1. A device for compensating for pressure changes in a vial comprising:

(a) a first conduit for fluidly connecting the vial to an external port;

(b) a second conduit for enabling outflow of gasses from the vial, said second conduit having a valve for preventing outflow of liquid from the vial through said second conduit; and

(c) a pliable reservoir being fluidly connected to said second conduit and having an expanded volume larger than a fluid volume of the vial, said pliable reservoir being configured as a bag.

2. The device of claim 1, wherein said valve is a gravitational check valve.

3. The device of claim 1, further comprising an air inflow port fluidly connected to said first lumen.

4. The device of claim 3, wherein said air inflow port includes a directional valve.

5. The device of claim 1, wherein said second conduit includes a duckbill valve enabling one-way outflow of gasses from the vial.

6. The device of claim 1, wherein said pliable reservoir is substantially inelastic.

7. The device of claim 1, wherein said pliable reservoir is positioned under the vial when connected to the device.
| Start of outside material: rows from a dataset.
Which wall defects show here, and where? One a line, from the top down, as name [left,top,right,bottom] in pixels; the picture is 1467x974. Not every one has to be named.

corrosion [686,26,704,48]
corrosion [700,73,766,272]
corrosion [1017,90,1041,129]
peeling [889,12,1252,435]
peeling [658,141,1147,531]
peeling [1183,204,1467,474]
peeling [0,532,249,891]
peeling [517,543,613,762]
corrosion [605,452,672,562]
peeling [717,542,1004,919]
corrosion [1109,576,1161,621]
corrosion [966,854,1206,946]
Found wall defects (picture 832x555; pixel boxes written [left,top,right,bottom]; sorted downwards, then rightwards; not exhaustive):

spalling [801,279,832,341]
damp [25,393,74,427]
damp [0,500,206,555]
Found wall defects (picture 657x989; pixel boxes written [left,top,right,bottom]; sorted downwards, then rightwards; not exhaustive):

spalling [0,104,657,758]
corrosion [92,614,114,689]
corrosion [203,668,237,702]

8. The device of claim 1, wherein said pliable reservoir is configured for being concentrically arranged around the vial.

9. The device of claim 6, further comprising a housing concentrically arranged around said pliable reservoir.
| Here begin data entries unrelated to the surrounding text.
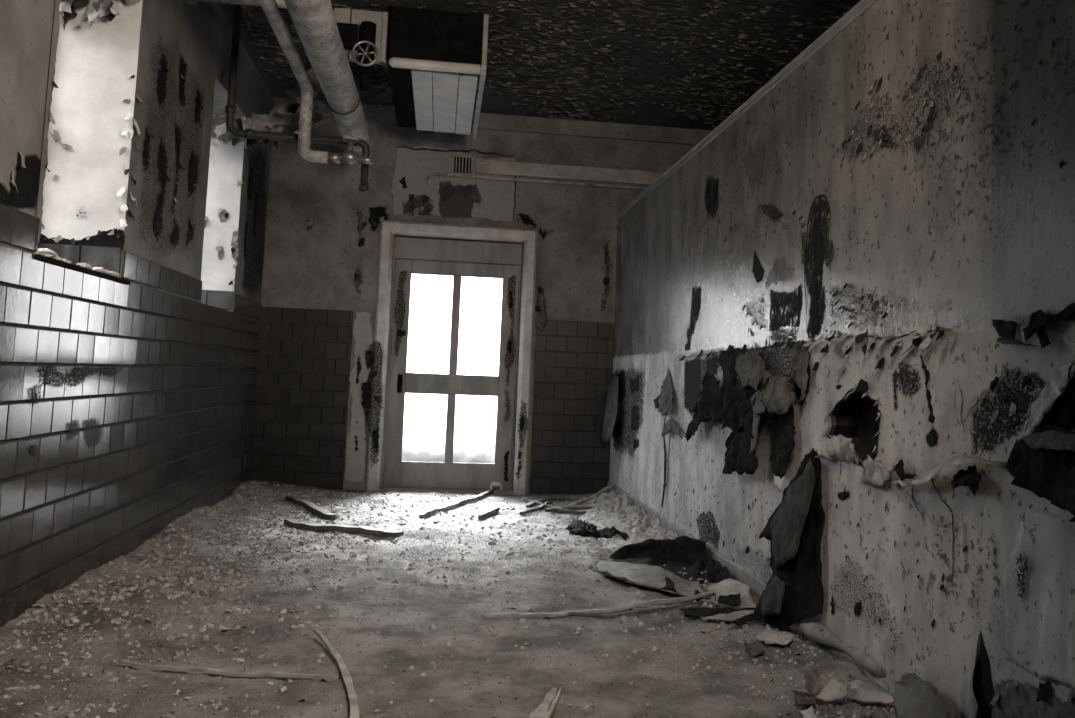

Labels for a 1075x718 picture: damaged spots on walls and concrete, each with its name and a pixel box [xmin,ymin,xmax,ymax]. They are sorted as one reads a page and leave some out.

peeling [0,0,140,243]
peeling [71,38,243,258]
peeling [244,148,267,294]
flaking render [356,146,554,247]
peeling [445,0,858,131]
damp [769,194,834,351]
flaking render [345,312,374,483]
flaking render [683,353,720,416]
flaking render [758,339,811,406]
spalling [821,378,881,467]
mould [955,364,1045,454]
flaking render [990,679,1075,718]
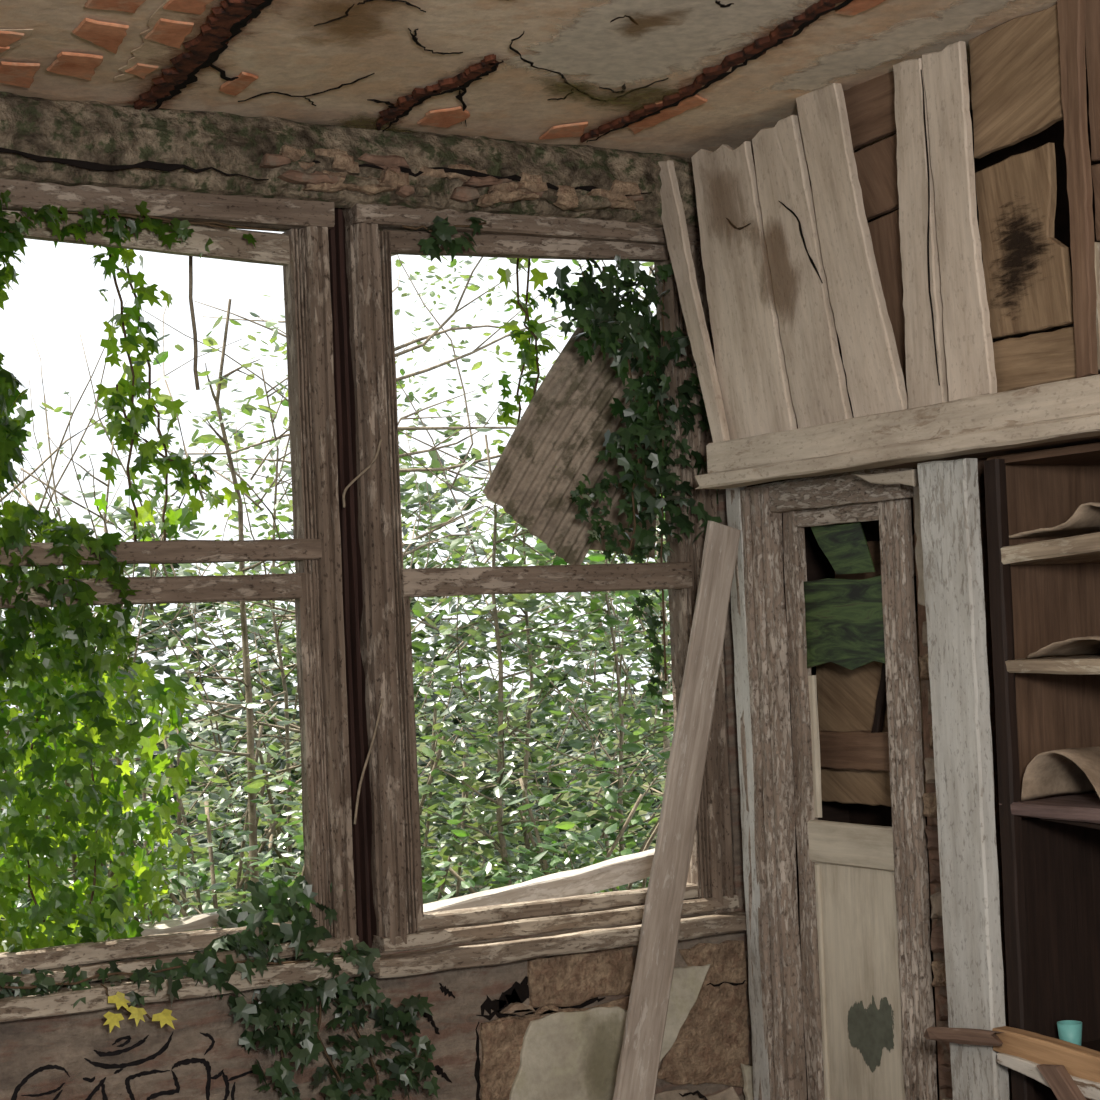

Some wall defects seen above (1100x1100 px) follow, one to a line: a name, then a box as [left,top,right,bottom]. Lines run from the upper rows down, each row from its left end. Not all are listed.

flaking render [0,0,146,88]
flaking render [114,0,216,82]
crack [126,0,853,143]
crack [0,147,269,180]
crack [359,164,521,181]
crack [547,183,599,191]
crack [707,979,746,987]
crack [679,1090,708,1100]

10. The device of claim 1, further comprising a third conduit for enabling one-way outflow of gasses from said pliable reservoir.

11. The device of claim 10, wherein said third conduit and said second conduit are fluidly connected.
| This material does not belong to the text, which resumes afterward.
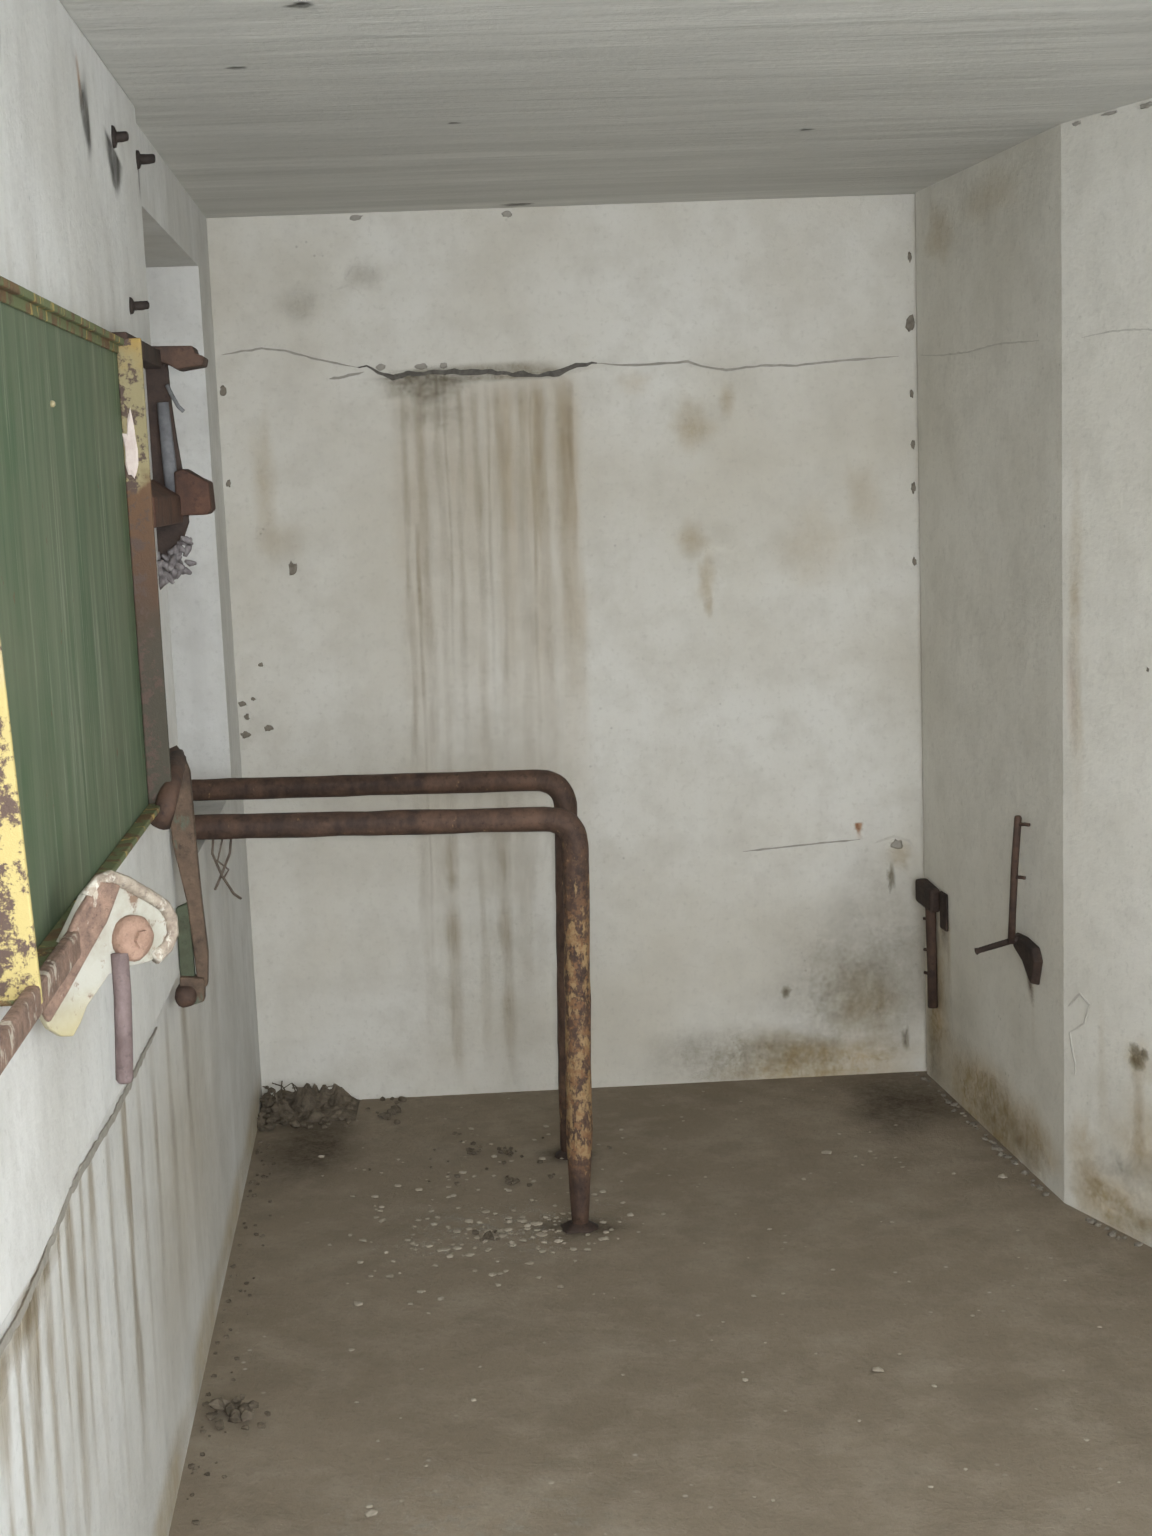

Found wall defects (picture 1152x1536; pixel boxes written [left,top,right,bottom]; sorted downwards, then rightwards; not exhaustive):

crack [1082,328,1152,338]
crack [223,340,1039,381]
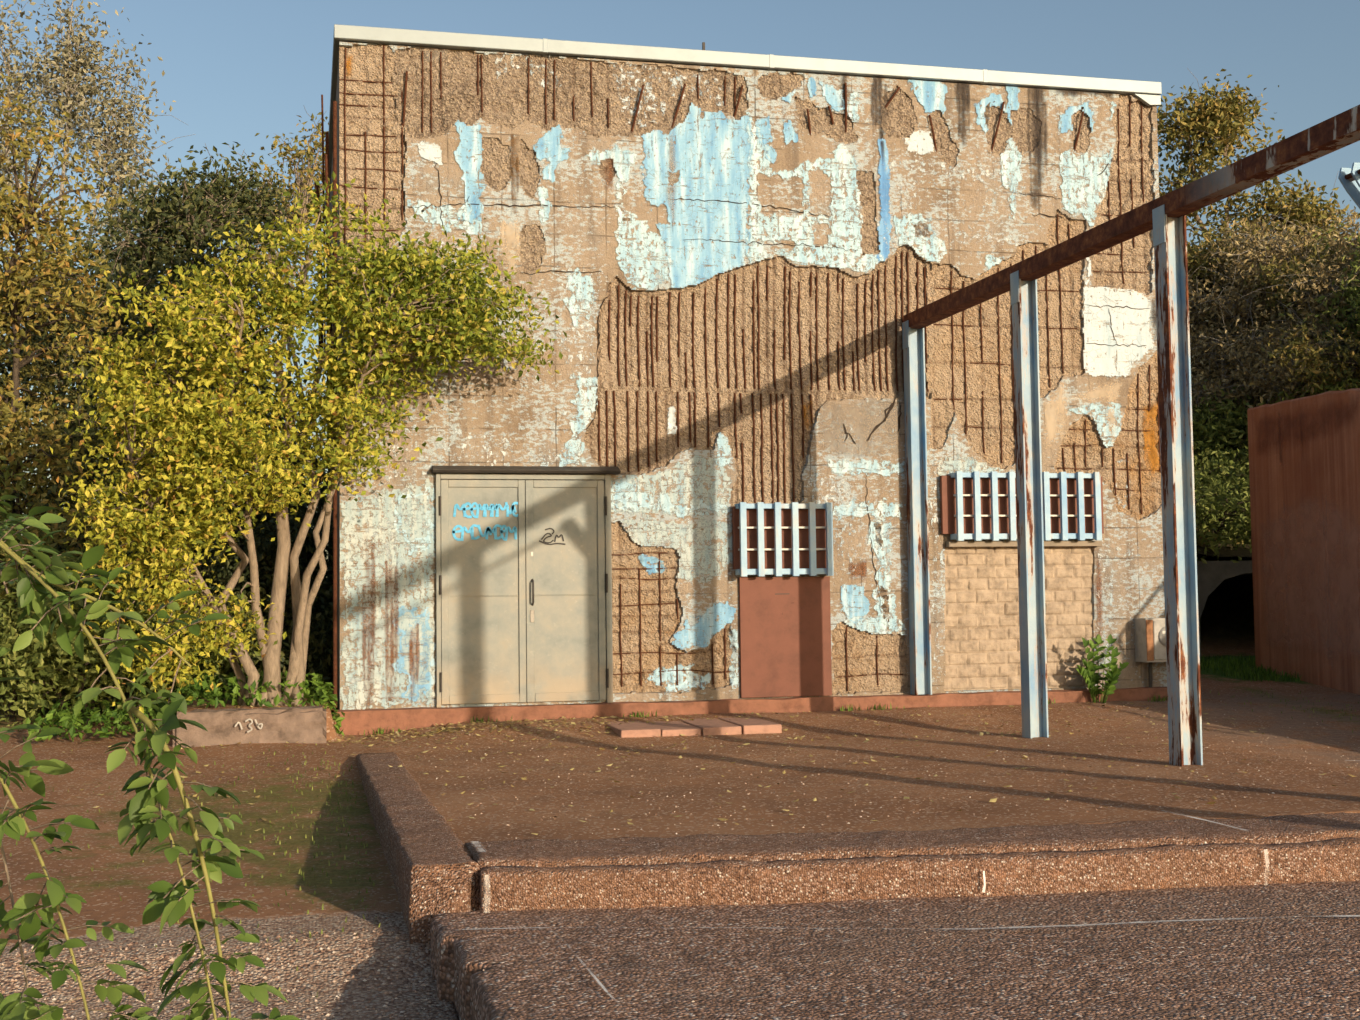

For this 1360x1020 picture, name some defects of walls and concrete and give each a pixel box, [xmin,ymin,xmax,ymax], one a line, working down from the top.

12. The device of claim 1, wherein said pliable reservoir is pre-filled with a fluid have a volume substantially equal to that of the vial, and further wherein said second conduit is configured for allowing outflow of gas from the vial and prevent liquid outflow from the vial when a liquid in the vial exceeds a predetermined height.

13. A system compensating for pressure changes in a vial comprising the device of claim 1 and a syringe adaptor assembly for preventing liquid contamination, said syringe adaptor assembly comprising:

(i) a first portion having a third conduit connectable to a syringe; and

(ii) a second portion being connectable to said first portion and having a fourth conduit connectable with said external port.

14. The system of claim 13, wherein said third conduit and said fourth conduit are fluidly connected through a fifth conduit when said first portion and said second portion are connected.

15. The system of claim 13, wherein said fourth conduit includes an elastic reservoir for capturing liquid residue left therein when said first portion is disconnected from said second portion.

16. The system of claim 15, wherein connection of said first portion to said second portion collapses said elastic reservoir and further wherein disconnection of said first portion from said second portion expands said elastic reservoir.

17. The system of claim 13, wherein said first portion and said second portion include spring-loaded sealing surfaces for creating a fluid-tight seal between said first portion and said second portion.

18. A system for compensating for pressure changes in a vial comprising a syringe adaptor assembly including: wherein said first or said second conduit includes an elastic reservoir for capturing liquid residue left therein when said first portion is disconnected from said second portion.

(i) a first portion having a first conduit connectable to a syringe; and

(ii) a second portion being connectable to said first portion and having a second conduit connectable to a vial;

19. The system of claim 18, wherein connection of said first portion to said second portion collapses said elastic reservoir and further wherein disconnection of said first portion from said second portion expands said elastic reservoir.

20. The system of claim 18, wherein a volume of said elastic reservoir is less than a volume of said vial.